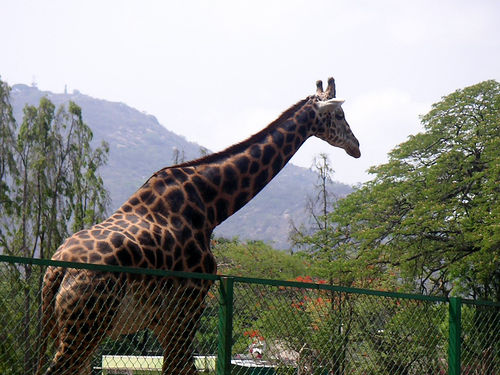How many giraffes are in the image? 1 
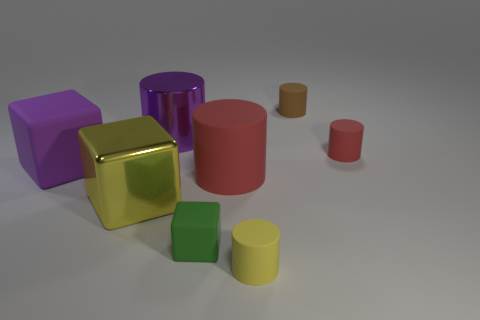Subtract 2 cylinders. How many cylinders are left? 3 Subtract all blue cylinders. Subtract all blue balls. How many cylinders are left? 5 Add 2 yellow cylinders. How many objects exist? 10 Subtract all cylinders. How many objects are left? 3 Add 7 big purple cylinders. How many big purple cylinders are left? 8 Add 4 small yellow rubber things. How many small yellow rubber things exist? 5 Subtract 0 brown balls. How many objects are left? 8 Subtract all purple cubes. Subtract all large cylinders. How many objects are left? 5 
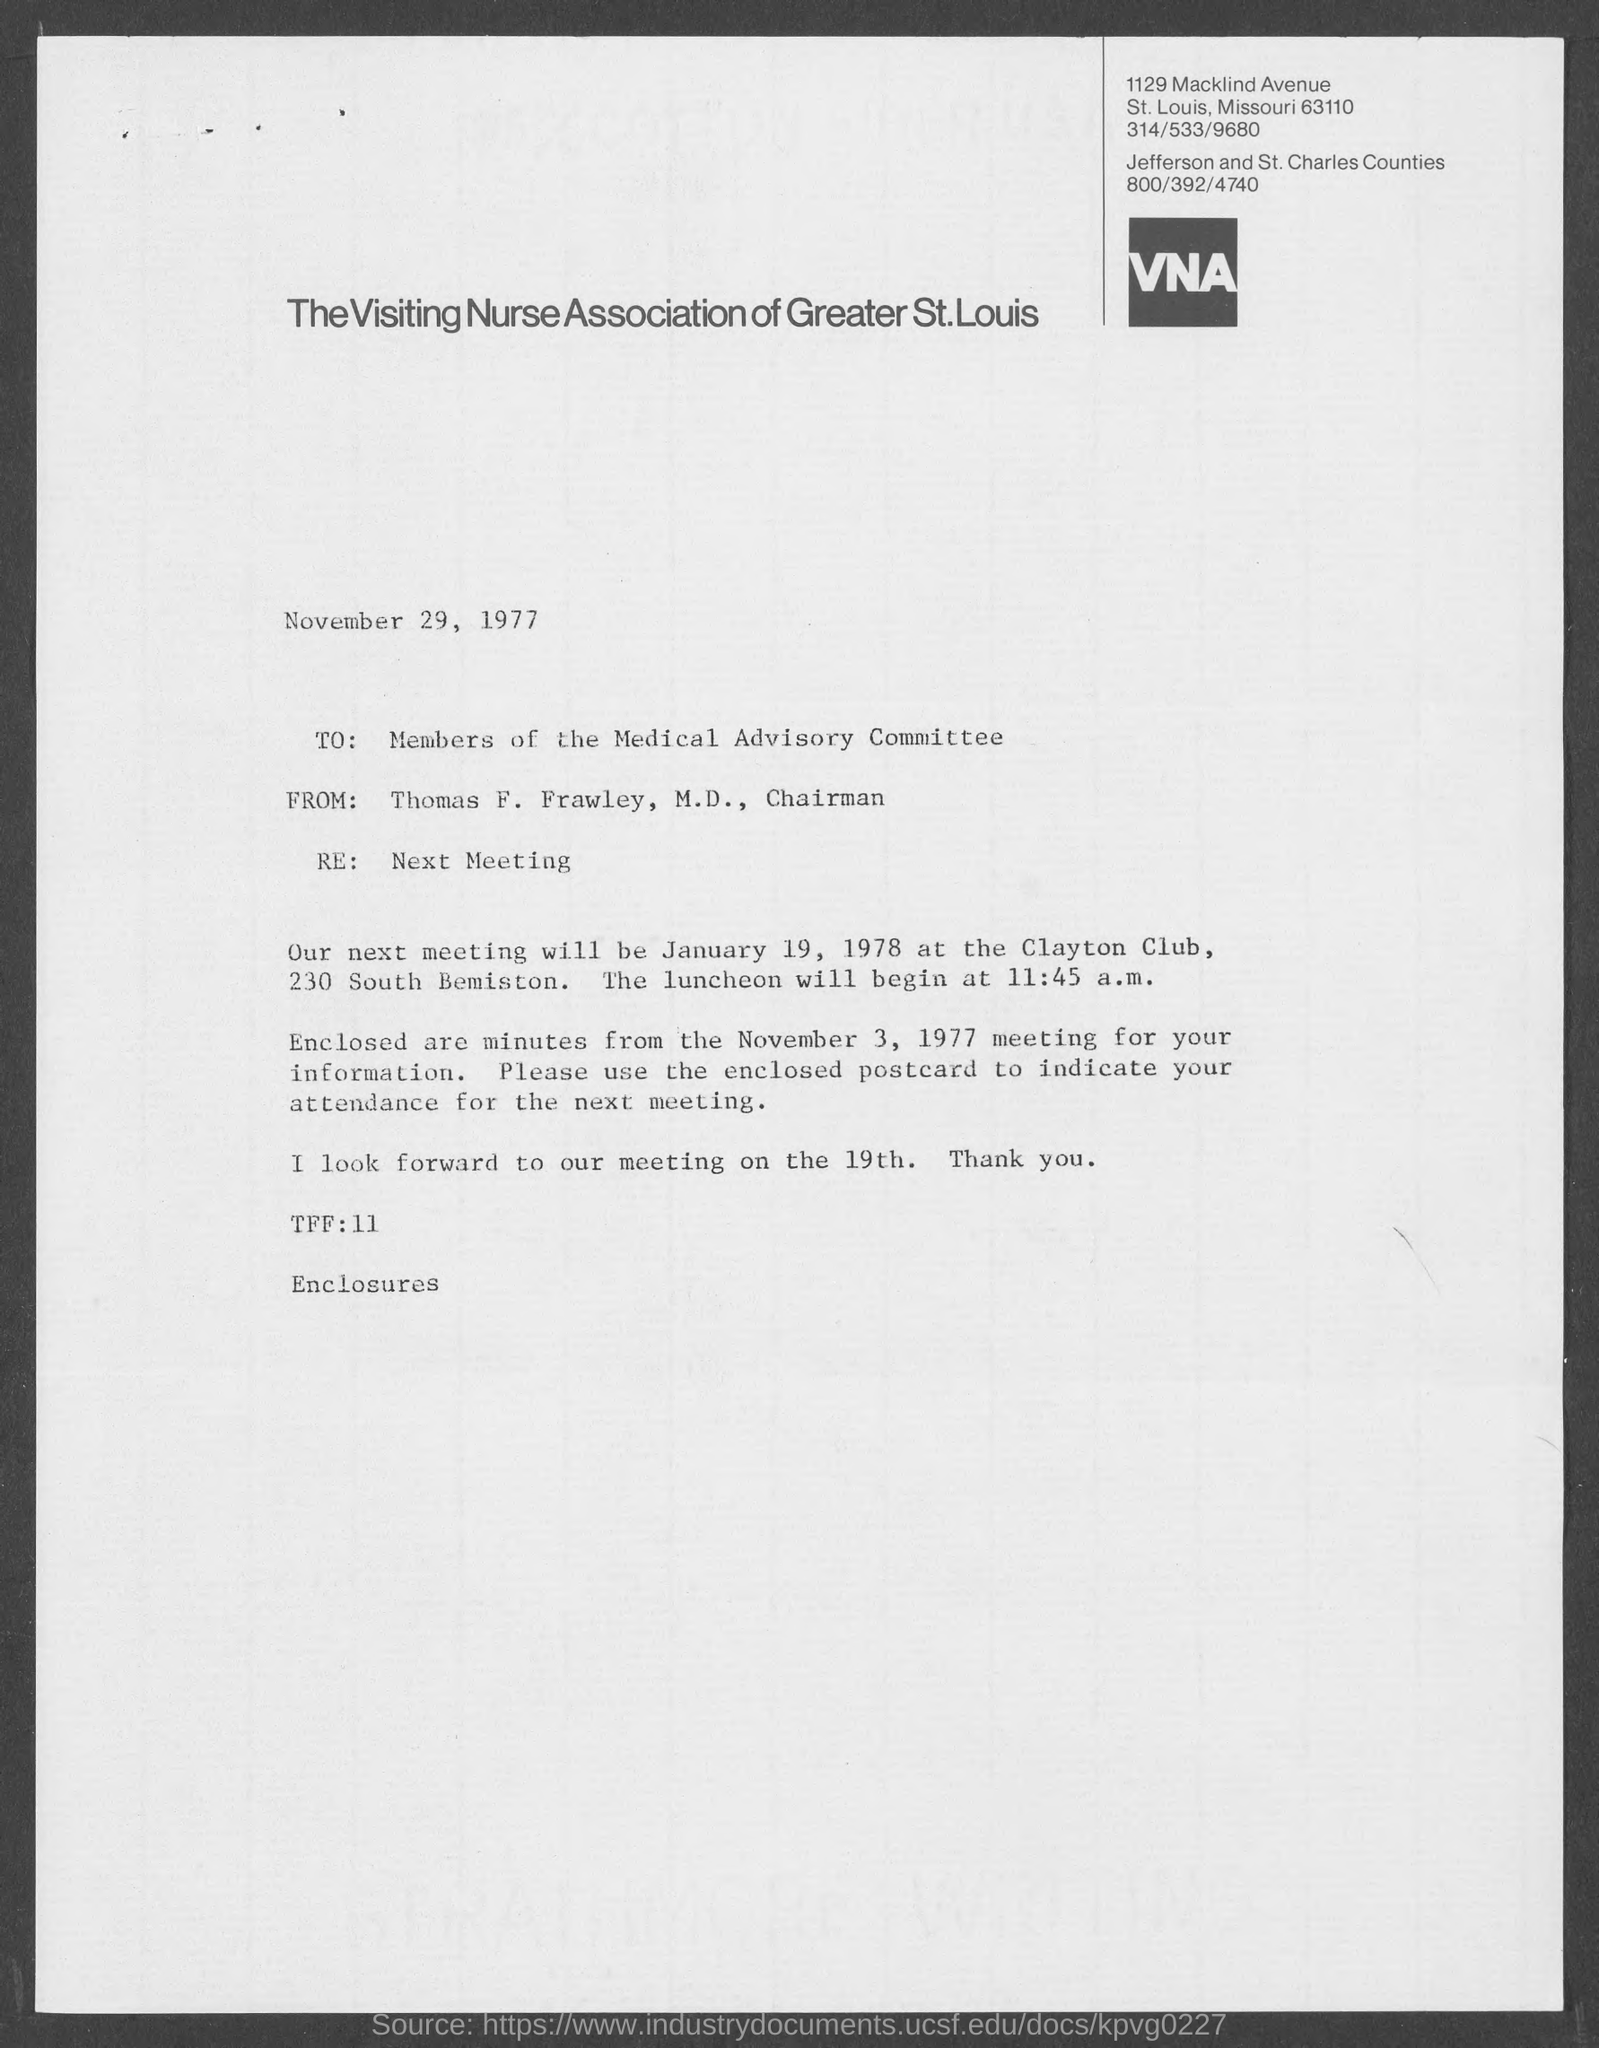What is the contact number of the visiting nurse association of greater st. louis, st. louis county ?
Make the answer very short. 314/533/9680. When is the memorandum dated?
Make the answer very short. November 29, 1977. What is the position of thomas f. frawley, m.d.,?
Your response must be concise. Chairman. When is the next meeting scheduled ?
Ensure brevity in your answer.  January 19, 1978. 
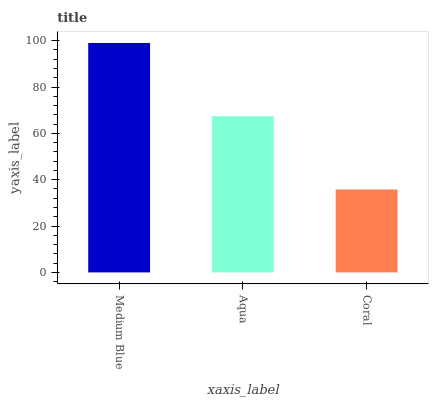Is Coral the minimum?
Answer yes or no. Yes. Is Medium Blue the maximum?
Answer yes or no. Yes. Is Aqua the minimum?
Answer yes or no. No. Is Aqua the maximum?
Answer yes or no. No. Is Medium Blue greater than Aqua?
Answer yes or no. Yes. Is Aqua less than Medium Blue?
Answer yes or no. Yes. Is Aqua greater than Medium Blue?
Answer yes or no. No. Is Medium Blue less than Aqua?
Answer yes or no. No. Is Aqua the high median?
Answer yes or no. Yes. Is Aqua the low median?
Answer yes or no. Yes. Is Medium Blue the high median?
Answer yes or no. No. Is Coral the low median?
Answer yes or no. No. 
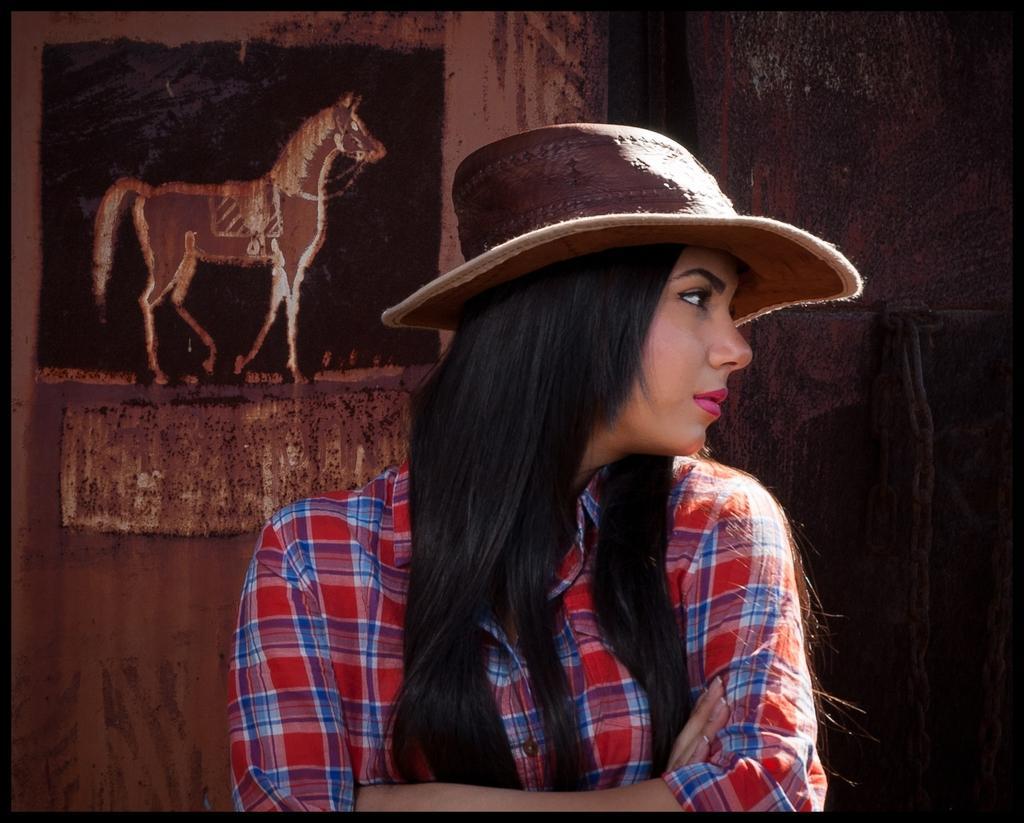Please provide a concise description of this image. In the center of the image we can see a girl standing. She is wearing a hat. In the background there is a wall and we can see a painting on the wall. 
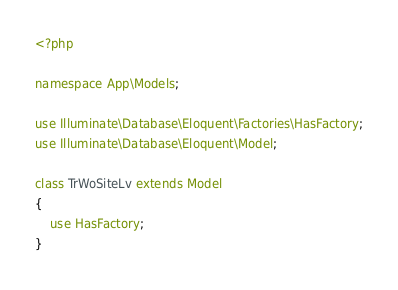<code> <loc_0><loc_0><loc_500><loc_500><_PHP_><?php

namespace App\Models;

use Illuminate\Database\Eloquent\Factories\HasFactory;
use Illuminate\Database\Eloquent\Model;

class TrWoSiteLv extends Model
{
    use HasFactory;
}
</code>

---+---

Task goal: Work out how many lines of the data hold the string "Make". State only that number.

Your response: 2